29. For these reasons we are of the opinion that the assessee should succeed in this reference.
Answer to question No. 1 :
Not perverse, based on evidence.
Answer to question No. 2 :
Not perverse, based on evidence.
Answer to question No. 3 :
Not perverse, the Tribunal correctly took the debts as trade debts on the basis of the Income-tax Officer’s satisfaction.
Answer to question No. 4 :
Not perverse, based on relevant material.
Answer to question No. 5 :
The question of loans between inter connected undertakings was not a subject of the revisional order under Section 263 and, as such, the Tribunal’s order is not bad in this regard.

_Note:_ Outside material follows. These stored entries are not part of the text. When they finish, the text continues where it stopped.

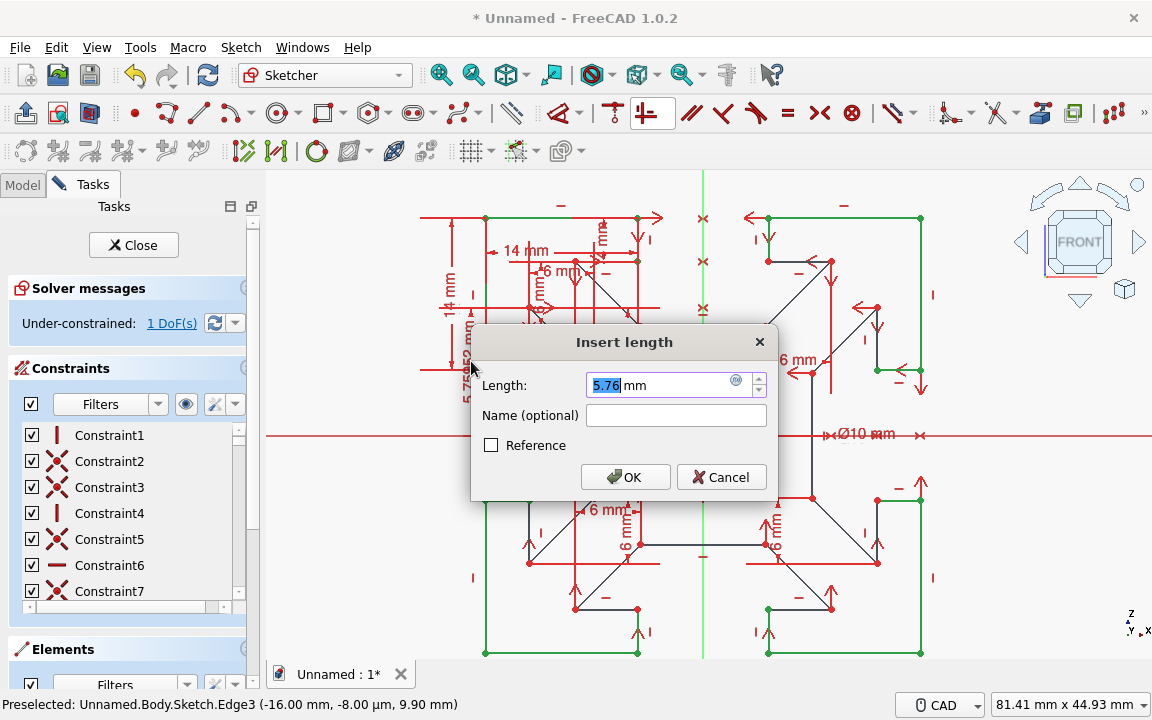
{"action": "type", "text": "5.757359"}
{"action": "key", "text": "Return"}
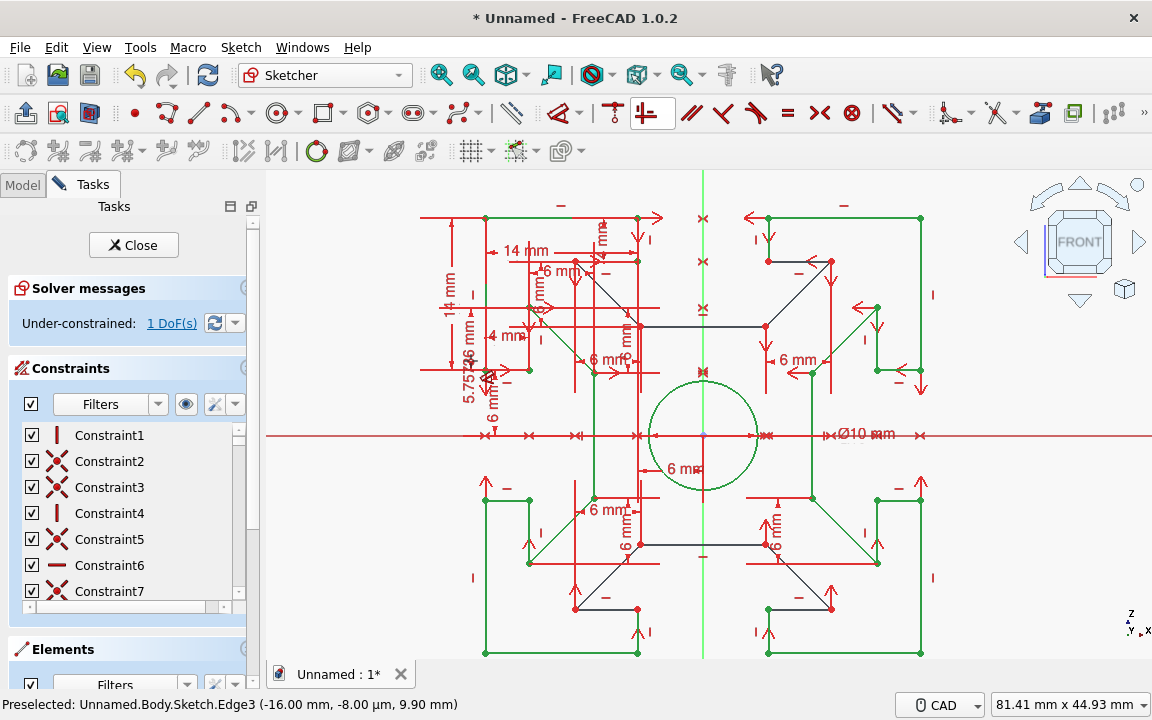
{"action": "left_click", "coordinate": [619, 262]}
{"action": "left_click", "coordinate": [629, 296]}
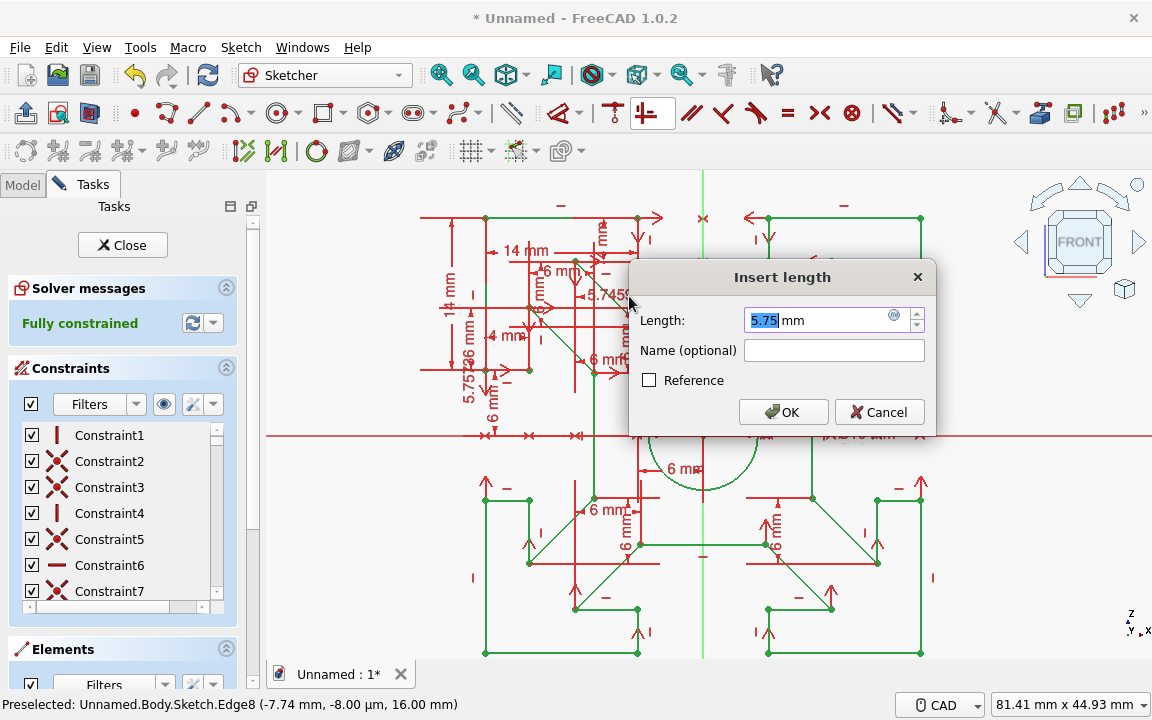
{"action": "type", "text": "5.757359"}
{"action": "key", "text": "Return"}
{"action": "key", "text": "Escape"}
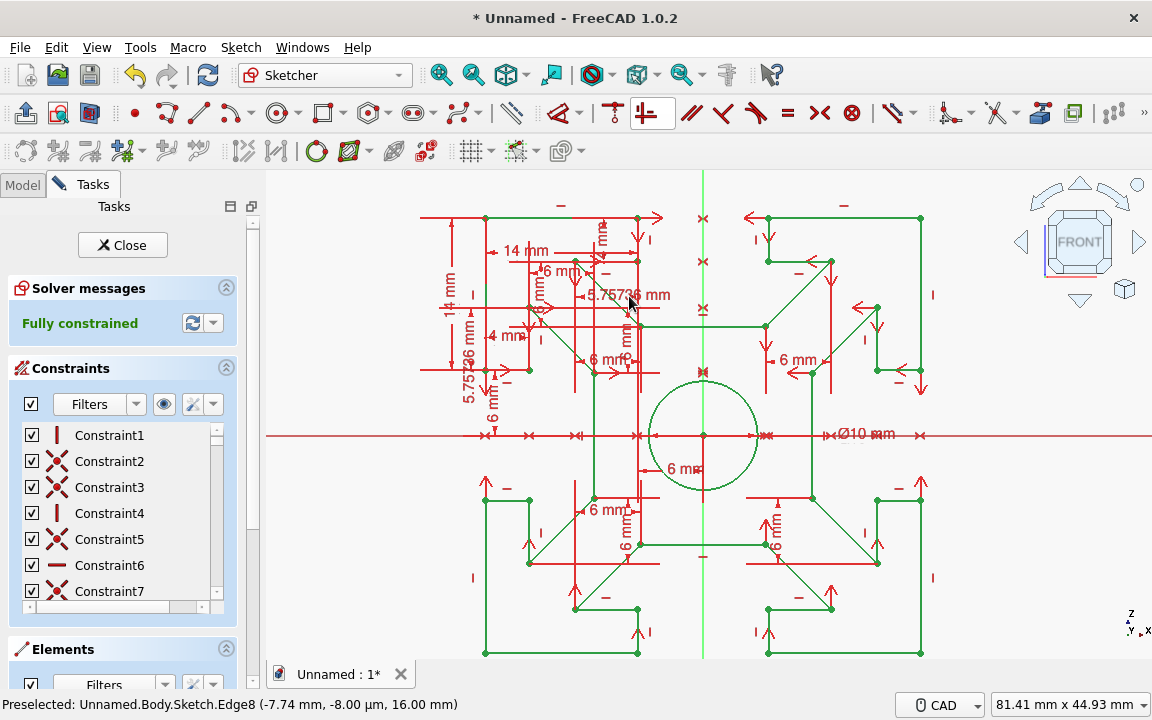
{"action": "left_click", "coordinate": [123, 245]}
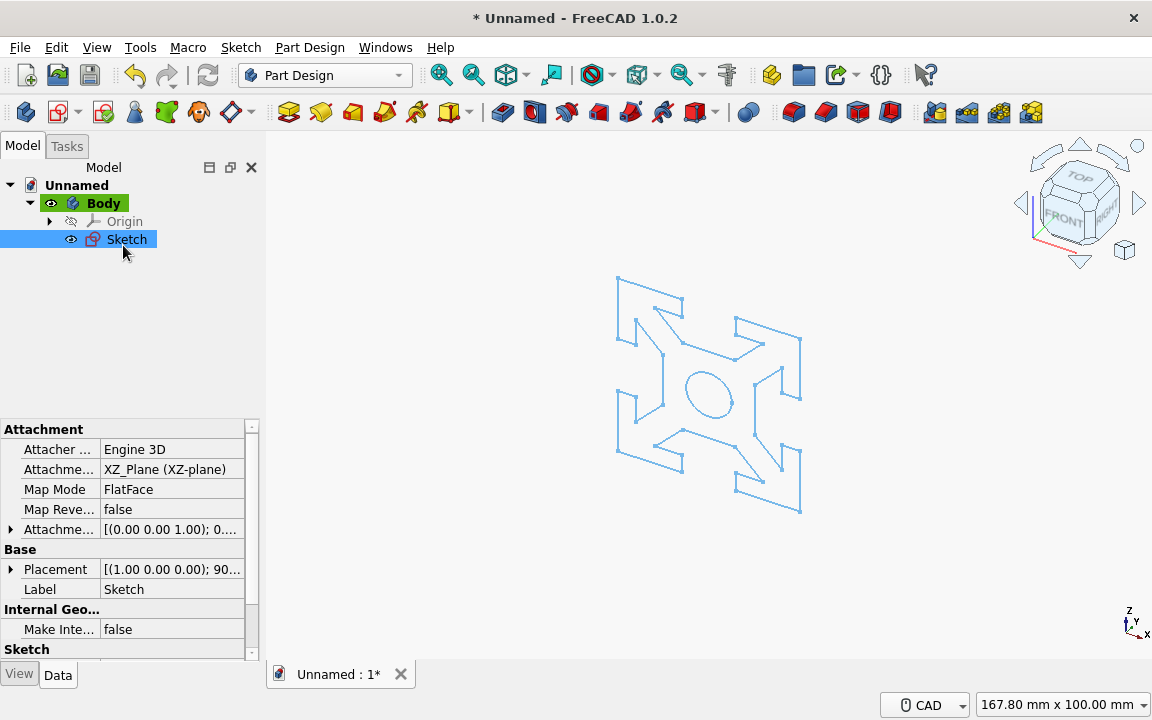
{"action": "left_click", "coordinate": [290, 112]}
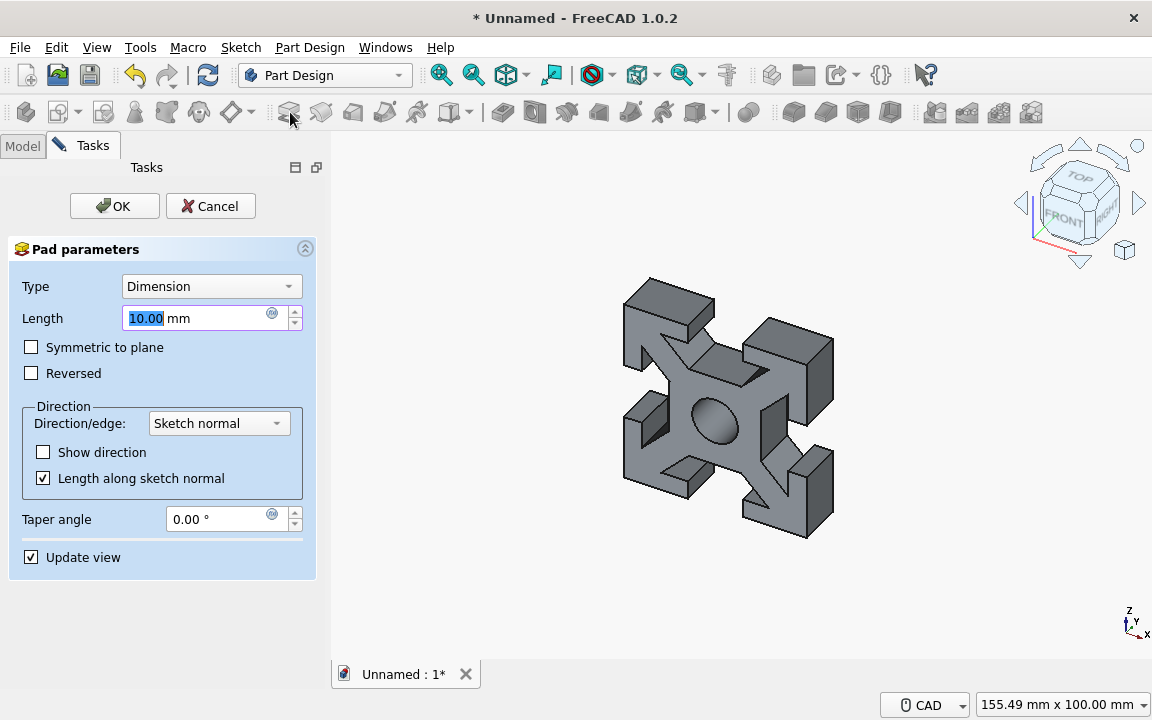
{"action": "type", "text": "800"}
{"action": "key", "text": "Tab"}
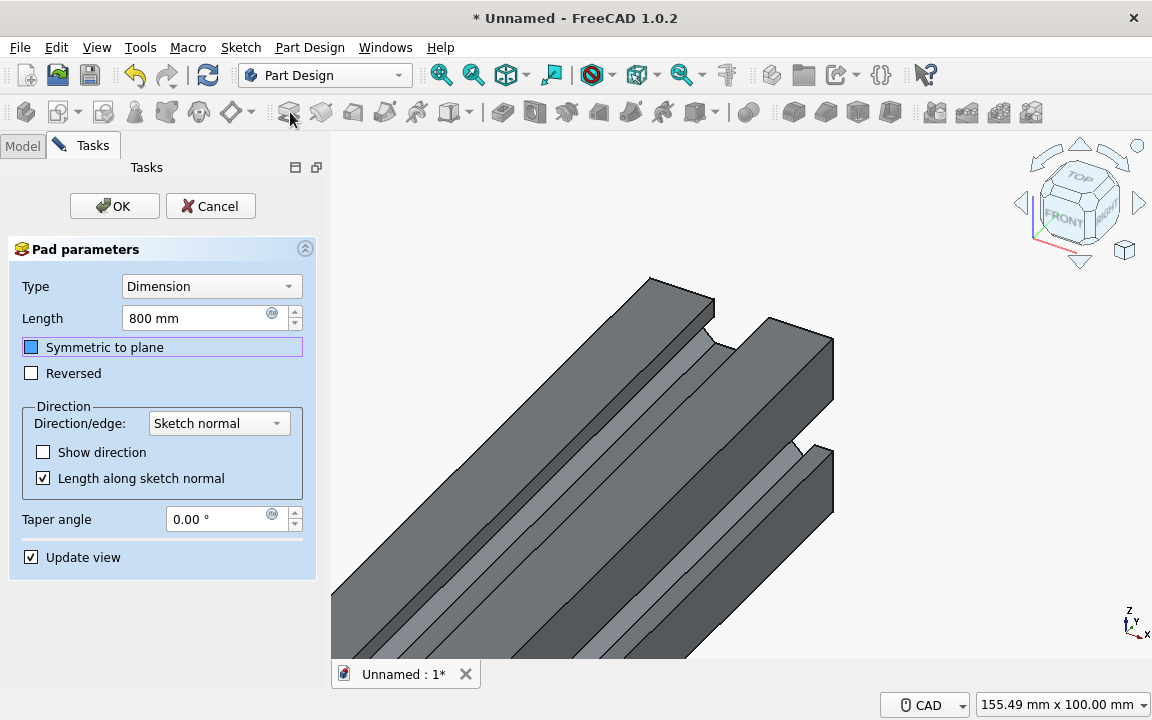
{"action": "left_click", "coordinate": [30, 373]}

Answer to question No. 6 : Based on relevant evidence, not perverse.
Answer to question No, 7 :
Not perverse, based on law and legal possibility.
Answer to question No. 8 :
A question of fact as to non-genuineness does not arise in the circumstances as the Income-tax Officer had accepted the writing off as genuine.
Answer to question No. 9 :
Not perverse, based on the material of the Income-tax Officer’s favourable first order.
Answer to question No. 10 :
The Tribunal was justified in law.
Answer to question No. 11 :
The Tribunal was correct as the Commissioner had no basis to treat the nature and character of the debt as having changed by reason of change of the personality of the debtor.
Answer to question No. 12 :
The Tribunal was fully justified.
30. Copies of the dictated order may issue on the usual undertakings.